* _What the exercise asks_:
Select all lines holding the word "sound" from the entries that follow.

Dataset excerpts:
+ + +

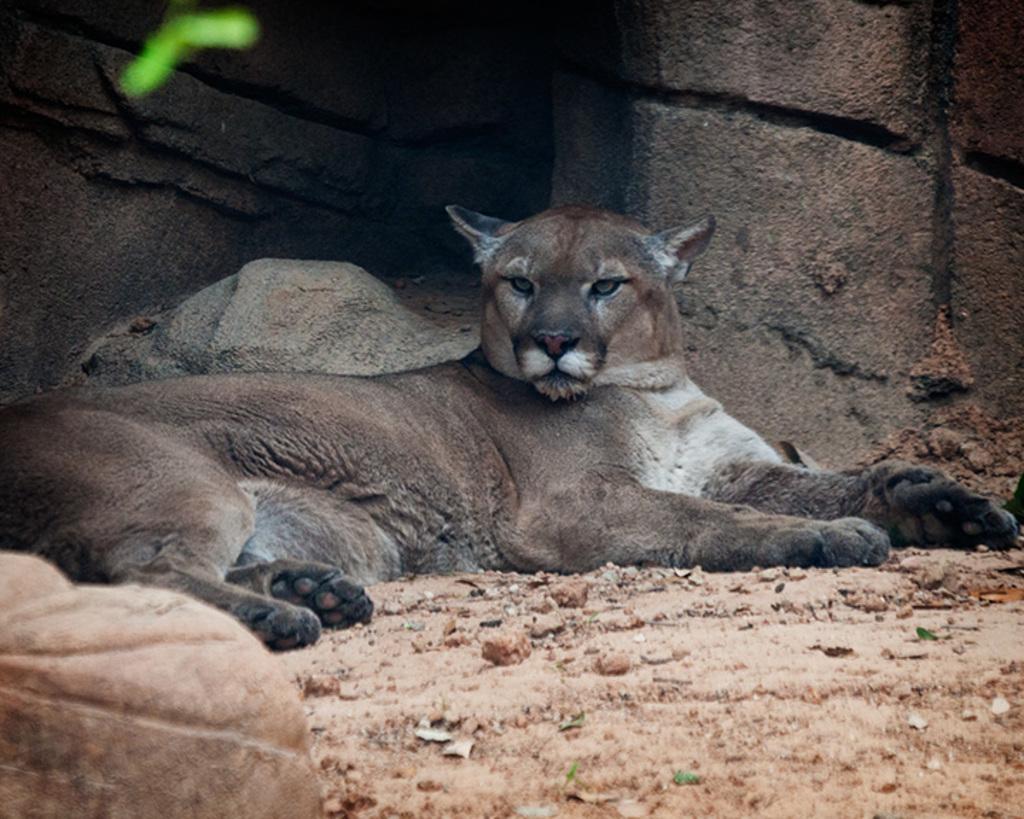Could you give a brief overview of what you see in this image? In this image I can see an animal is sleeping on the ground. On the right side it looks like a concrete wall. 
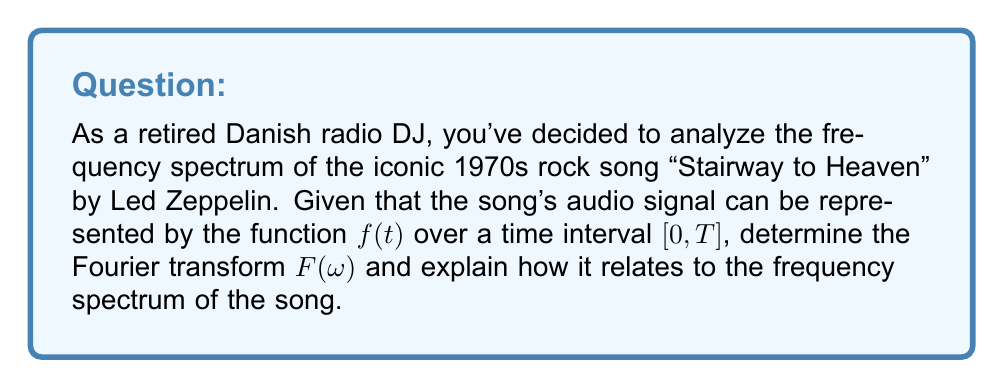Can you solve this math problem? To determine the frequency spectrum of "Stairway to Heaven" using Fourier transforms, we'll follow these steps:

1) The Fourier transform $F(\omega)$ of a continuous-time signal $f(t)$ is given by:

   $$F(\omega) = \int_{-\infty}^{\infty} f(t) e^{-i\omega t} dt$$

2) Since our audio signal $f(t)$ is defined over the interval $[0, T]$, we adjust our integral limits:

   $$F(\omega) = \int_{0}^{T} f(t) e^{-i\omega t} dt$$

3) The Fourier transform $F(\omega)$ gives us the frequency domain representation of the time-domain signal $f(t)$. Here, $\omega$ represents angular frequency in radians per second.

4) To get the frequency in Hz, we use the relation $f = \frac{\omega}{2\pi}$.

5) The magnitude of $F(\omega)$, denoted as $|F(\omega)|$, represents the amplitude of each frequency component in the signal. This is what we typically visualize in a frequency spectrum.

6) The frequency spectrum of "Stairway to Heaven" would show peaks at frequencies corresponding to the musical notes and harmonics present in the song. For instance:
   - The low frequencies (20-250 Hz) would represent the bass guitar and kick drum.
   - Mid-range frequencies (250-2000 Hz) would capture most of the guitar and vocal content.
   - Higher frequencies (2000-20000 Hz) would represent cymbals, guitar harmonics, and add "brilliance" to the overall sound.

7) To visualize the frequency spectrum, we would typically plot $|F(\omega)|$ against $\omega$ or $f$.

This analysis would allow you, as a retired DJ, to see the frequency components that give "Stairway to Heaven" its distinctive sound, and compare it to other rock songs from the 1970s.
Answer: $F(\omega) = \int_{0}^{T} f(t) e^{-i\omega t} dt$, where $|F(\omega)|$ represents the amplitude of each frequency component. 
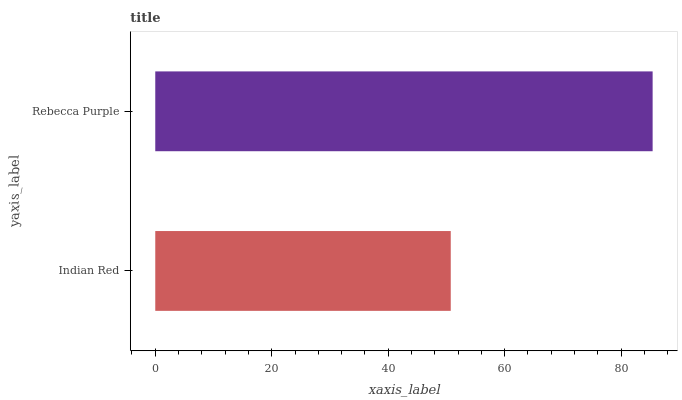Is Indian Red the minimum?
Answer yes or no. Yes. Is Rebecca Purple the maximum?
Answer yes or no. Yes. Is Rebecca Purple the minimum?
Answer yes or no. No. Is Rebecca Purple greater than Indian Red?
Answer yes or no. Yes. Is Indian Red less than Rebecca Purple?
Answer yes or no. Yes. Is Indian Red greater than Rebecca Purple?
Answer yes or no. No. Is Rebecca Purple less than Indian Red?
Answer yes or no. No. Is Rebecca Purple the high median?
Answer yes or no. Yes. Is Indian Red the low median?
Answer yes or no. Yes. Is Indian Red the high median?
Answer yes or no. No. Is Rebecca Purple the low median?
Answer yes or no. No. 
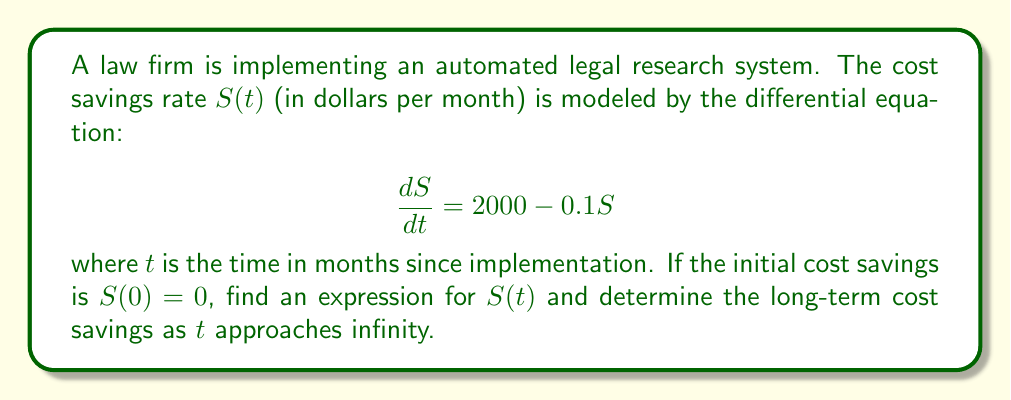What is the answer to this math problem? To solve this first-order linear differential equation, we follow these steps:

1) The differential equation is in the form:
   $$\frac{dS}{dt} + 0.1S = 2000$$

2) This is a first-order linear differential equation of the form:
   $$\frac{dy}{dx} + P(x)y = Q(x)$$
   where $P(x) = 0.1$ and $Q(x) = 2000$

3) The integrating factor is:
   $$\mu(t) = e^{\int P(t) dt} = e^{\int 0.1 dt} = e^{0.1t}$$

4) Multiply both sides of the equation by the integrating factor:
   $$e^{0.1t}\frac{dS}{dt} + 0.1e^{0.1t}S = 2000e^{0.1t}$$

5) The left side is now the derivative of $e^{0.1t}S$:
   $$\frac{d}{dt}(e^{0.1t}S) = 2000e^{0.1t}$$

6) Integrate both sides:
   $$e^{0.1t}S = 20000e^{0.1t} + C$$

7) Solve for $S$:
   $$S(t) = 20000 + Ce^{-0.1t}$$

8) Use the initial condition $S(0) = 0$ to find $C$:
   $$0 = 20000 + C$$
   $$C = -20000$$

9) The final solution is:
   $$S(t) = 20000(1 - e^{-0.1t})$$

10) To find the long-term cost savings, take the limit as $t$ approaches infinity:
    $$\lim_{t \to \infty} S(t) = \lim_{t \to \infty} 20000(1 - e^{-0.1t}) = 20000$$

Thus, the long-term monthly cost savings approaches $20,000.
Answer: $S(t) = 20000(1 - e^{-0.1t})$, with long-term monthly cost savings of $20,000.

+ + +

* _Final answer_:
   - Higher frequencies (2000-20000 Hz) would represent cymbals, guitar harmonics, and add "brilliance" to the overall sound.
This analysis would allow you, as a retired DJ, to see the frequency components that give "Stairway to Heaven" its distinctive sound, and compare it to other rock songs from the 1970s.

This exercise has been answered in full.